### Your assignment
Once you find the line with "Image width covers 84.5°." in the data that follows, repeat it and every line after it exactly, through the line with "Reconstruct the 3D".

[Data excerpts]
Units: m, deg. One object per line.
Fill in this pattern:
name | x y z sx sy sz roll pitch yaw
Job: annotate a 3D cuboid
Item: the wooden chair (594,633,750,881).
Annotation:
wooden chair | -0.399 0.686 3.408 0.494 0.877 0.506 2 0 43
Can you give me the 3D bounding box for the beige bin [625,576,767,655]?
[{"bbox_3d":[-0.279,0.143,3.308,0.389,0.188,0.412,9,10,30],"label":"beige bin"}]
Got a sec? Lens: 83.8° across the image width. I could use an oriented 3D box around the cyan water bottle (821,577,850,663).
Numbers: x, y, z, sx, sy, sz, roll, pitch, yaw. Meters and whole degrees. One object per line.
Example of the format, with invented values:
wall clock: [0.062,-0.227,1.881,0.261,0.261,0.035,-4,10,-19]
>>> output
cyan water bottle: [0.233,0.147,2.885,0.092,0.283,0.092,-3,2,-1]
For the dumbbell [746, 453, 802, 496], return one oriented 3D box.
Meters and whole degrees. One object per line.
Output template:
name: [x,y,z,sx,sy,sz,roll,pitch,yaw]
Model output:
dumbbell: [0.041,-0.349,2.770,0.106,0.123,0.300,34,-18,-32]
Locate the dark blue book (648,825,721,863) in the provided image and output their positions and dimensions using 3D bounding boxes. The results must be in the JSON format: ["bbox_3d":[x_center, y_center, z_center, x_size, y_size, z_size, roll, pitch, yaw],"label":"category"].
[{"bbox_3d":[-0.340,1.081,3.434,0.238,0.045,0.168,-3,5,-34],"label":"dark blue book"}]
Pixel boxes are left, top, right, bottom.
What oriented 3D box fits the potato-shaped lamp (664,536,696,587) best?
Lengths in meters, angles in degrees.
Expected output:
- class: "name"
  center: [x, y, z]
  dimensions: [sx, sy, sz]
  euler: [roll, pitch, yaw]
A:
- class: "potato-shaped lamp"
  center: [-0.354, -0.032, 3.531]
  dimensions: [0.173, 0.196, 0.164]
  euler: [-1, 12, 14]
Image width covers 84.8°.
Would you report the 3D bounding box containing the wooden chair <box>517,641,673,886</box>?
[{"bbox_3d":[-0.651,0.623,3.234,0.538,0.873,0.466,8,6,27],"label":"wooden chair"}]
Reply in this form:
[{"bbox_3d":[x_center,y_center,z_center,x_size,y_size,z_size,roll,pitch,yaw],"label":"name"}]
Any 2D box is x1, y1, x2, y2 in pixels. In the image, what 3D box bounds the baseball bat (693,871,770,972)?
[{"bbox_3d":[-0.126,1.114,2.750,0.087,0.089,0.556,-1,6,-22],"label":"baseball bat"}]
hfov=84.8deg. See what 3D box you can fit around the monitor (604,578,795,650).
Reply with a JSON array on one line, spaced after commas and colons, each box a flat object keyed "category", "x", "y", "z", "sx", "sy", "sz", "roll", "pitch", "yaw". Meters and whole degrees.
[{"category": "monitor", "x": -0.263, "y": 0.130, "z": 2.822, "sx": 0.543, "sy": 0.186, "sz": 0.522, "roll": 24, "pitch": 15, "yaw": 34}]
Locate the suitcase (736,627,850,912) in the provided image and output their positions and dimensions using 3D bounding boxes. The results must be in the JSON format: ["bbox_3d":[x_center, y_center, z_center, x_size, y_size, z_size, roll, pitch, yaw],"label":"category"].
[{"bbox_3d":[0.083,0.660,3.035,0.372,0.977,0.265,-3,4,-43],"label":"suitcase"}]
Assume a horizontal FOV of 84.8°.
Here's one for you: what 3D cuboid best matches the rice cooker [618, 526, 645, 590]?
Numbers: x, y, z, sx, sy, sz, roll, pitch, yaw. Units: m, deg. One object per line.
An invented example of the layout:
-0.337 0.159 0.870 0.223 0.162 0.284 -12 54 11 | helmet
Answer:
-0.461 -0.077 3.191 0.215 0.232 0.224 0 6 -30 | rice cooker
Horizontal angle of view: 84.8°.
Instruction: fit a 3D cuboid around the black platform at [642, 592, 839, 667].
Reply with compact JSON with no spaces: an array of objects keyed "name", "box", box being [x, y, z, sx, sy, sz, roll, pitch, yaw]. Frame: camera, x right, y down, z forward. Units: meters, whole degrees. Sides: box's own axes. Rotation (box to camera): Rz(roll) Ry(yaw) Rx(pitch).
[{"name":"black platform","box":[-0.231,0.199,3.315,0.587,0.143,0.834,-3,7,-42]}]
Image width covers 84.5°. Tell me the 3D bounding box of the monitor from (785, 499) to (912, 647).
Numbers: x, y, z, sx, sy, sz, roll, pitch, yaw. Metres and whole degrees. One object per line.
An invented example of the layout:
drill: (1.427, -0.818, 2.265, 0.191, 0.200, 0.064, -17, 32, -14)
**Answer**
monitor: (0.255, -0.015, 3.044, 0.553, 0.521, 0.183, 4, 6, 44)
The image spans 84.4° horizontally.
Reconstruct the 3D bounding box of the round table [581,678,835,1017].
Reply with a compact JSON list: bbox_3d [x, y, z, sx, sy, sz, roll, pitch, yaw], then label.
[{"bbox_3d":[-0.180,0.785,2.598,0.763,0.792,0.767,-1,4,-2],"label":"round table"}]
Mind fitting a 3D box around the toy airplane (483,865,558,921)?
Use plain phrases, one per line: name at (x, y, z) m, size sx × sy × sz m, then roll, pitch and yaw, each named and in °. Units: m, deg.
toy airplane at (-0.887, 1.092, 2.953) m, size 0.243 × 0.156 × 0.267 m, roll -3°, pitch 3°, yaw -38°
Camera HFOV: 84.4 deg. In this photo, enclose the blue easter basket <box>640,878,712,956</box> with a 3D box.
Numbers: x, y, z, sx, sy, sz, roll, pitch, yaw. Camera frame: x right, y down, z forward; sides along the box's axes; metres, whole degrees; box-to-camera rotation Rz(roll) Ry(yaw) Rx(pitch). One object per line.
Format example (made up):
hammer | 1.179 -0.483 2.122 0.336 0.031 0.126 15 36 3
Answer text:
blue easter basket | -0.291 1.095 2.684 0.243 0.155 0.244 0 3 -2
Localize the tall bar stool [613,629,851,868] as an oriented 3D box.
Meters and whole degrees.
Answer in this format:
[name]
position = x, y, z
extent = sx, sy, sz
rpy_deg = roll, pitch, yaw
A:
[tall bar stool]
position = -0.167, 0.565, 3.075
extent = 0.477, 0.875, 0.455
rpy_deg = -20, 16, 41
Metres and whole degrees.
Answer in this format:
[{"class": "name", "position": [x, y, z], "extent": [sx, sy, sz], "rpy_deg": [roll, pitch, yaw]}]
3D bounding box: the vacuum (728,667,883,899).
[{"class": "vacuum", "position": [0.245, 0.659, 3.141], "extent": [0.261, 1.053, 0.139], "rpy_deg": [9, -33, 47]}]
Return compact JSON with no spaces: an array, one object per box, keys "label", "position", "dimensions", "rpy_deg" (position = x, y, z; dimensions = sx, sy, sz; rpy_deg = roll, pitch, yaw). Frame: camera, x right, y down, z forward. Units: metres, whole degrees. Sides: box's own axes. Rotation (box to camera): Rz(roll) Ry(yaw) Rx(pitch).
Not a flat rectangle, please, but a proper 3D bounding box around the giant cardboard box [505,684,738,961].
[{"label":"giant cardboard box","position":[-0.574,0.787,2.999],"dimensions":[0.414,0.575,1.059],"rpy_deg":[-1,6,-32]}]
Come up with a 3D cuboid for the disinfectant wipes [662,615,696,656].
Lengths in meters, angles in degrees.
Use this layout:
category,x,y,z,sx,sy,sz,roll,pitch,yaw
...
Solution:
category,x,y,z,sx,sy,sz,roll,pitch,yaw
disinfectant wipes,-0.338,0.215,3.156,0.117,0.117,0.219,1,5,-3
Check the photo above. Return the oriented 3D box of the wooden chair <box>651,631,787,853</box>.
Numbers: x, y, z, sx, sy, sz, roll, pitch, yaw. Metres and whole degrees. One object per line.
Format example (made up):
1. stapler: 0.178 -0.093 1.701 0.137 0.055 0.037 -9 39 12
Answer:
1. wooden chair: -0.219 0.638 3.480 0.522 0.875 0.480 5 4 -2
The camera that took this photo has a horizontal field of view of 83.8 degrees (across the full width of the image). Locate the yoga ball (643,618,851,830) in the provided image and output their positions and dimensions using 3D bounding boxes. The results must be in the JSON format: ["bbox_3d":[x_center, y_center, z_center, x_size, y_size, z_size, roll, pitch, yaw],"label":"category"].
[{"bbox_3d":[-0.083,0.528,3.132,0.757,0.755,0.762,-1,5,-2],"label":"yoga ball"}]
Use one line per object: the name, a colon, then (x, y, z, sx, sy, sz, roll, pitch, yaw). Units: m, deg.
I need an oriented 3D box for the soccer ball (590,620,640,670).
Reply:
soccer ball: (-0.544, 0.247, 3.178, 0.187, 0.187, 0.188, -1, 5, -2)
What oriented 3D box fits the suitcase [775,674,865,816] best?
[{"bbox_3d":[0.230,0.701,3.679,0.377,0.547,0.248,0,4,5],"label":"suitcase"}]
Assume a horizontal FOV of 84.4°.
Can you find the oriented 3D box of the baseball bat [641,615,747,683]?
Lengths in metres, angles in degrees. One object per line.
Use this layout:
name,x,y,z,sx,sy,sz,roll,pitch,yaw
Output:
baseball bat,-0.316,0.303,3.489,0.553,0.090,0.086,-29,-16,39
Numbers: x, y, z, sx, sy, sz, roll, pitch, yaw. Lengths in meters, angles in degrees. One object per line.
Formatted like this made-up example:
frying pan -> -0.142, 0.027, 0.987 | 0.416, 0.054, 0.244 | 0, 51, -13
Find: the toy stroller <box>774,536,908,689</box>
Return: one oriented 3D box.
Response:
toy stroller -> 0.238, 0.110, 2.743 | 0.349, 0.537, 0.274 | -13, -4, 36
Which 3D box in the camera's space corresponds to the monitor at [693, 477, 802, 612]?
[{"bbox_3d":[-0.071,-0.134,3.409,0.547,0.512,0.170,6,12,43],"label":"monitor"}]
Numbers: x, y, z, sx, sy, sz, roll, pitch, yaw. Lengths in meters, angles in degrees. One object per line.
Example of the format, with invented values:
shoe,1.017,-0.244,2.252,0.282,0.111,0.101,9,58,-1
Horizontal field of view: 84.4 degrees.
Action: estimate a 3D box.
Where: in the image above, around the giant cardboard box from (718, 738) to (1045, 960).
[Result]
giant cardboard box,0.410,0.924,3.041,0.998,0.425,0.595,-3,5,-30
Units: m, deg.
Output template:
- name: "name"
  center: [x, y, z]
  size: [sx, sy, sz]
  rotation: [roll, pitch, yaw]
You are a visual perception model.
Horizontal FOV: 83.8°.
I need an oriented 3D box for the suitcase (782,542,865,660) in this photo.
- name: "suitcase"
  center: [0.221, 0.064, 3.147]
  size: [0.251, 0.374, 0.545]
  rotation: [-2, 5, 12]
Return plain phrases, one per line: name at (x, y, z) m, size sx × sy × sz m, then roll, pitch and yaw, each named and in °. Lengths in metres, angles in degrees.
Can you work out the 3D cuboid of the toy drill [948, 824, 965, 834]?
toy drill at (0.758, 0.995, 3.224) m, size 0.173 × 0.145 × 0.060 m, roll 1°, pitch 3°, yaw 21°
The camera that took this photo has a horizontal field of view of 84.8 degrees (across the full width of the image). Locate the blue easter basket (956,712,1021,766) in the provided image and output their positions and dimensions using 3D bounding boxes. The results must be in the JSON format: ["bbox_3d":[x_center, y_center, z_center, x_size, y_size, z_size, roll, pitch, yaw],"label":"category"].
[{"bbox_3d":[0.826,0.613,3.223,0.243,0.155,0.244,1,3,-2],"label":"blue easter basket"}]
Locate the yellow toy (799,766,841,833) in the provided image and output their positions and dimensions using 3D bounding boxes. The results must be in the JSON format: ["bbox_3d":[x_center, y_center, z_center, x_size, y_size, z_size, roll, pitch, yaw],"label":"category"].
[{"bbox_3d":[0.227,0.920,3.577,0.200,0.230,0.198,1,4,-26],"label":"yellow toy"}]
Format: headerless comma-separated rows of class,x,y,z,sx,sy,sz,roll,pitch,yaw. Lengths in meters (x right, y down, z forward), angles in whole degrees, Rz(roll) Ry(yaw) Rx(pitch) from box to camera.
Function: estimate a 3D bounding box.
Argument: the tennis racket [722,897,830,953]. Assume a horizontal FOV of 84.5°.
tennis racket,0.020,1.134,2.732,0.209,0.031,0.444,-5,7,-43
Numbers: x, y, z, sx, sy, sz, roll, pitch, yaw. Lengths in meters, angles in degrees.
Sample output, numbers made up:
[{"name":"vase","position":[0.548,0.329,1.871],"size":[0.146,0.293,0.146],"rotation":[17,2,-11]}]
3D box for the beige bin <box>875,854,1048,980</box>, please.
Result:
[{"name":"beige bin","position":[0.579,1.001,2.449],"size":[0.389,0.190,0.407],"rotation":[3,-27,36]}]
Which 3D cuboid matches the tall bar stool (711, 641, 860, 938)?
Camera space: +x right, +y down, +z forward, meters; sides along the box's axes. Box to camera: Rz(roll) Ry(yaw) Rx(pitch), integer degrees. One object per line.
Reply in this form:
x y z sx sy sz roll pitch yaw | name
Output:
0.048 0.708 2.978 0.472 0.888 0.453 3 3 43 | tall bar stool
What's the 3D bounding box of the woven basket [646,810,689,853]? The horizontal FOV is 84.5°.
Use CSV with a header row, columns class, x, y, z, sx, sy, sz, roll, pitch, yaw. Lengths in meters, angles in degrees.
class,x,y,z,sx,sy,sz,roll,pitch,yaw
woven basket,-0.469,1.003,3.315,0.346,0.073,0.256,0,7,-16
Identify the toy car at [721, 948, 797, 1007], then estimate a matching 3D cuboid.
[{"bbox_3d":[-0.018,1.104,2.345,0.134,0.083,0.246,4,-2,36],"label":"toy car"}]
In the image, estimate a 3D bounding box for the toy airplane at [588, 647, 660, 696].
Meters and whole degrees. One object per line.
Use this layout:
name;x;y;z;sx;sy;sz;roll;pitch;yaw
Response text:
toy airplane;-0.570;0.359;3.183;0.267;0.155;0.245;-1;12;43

### Result of the task
Image width covers 84.5°. Tell me the 3D bounding box of the monitor from (785, 499) to (912, 647).
Numbers: x, y, z, sx, sy, sz, roll, pitch, yaw. Metres and whole degrees. One object per line.
An invented example of the layout:
drill: (1.427, -0.818, 2.265, 0.191, 0.200, 0.064, -17, 32, -14)
**Answer**
monitor: (0.255, -0.015, 3.044, 0.553, 0.521, 0.183, 4, 6, 44)
The image spans 84.4° horizontally.
Reconstruct the 3D bounding box of the round table [581,678,835,1017].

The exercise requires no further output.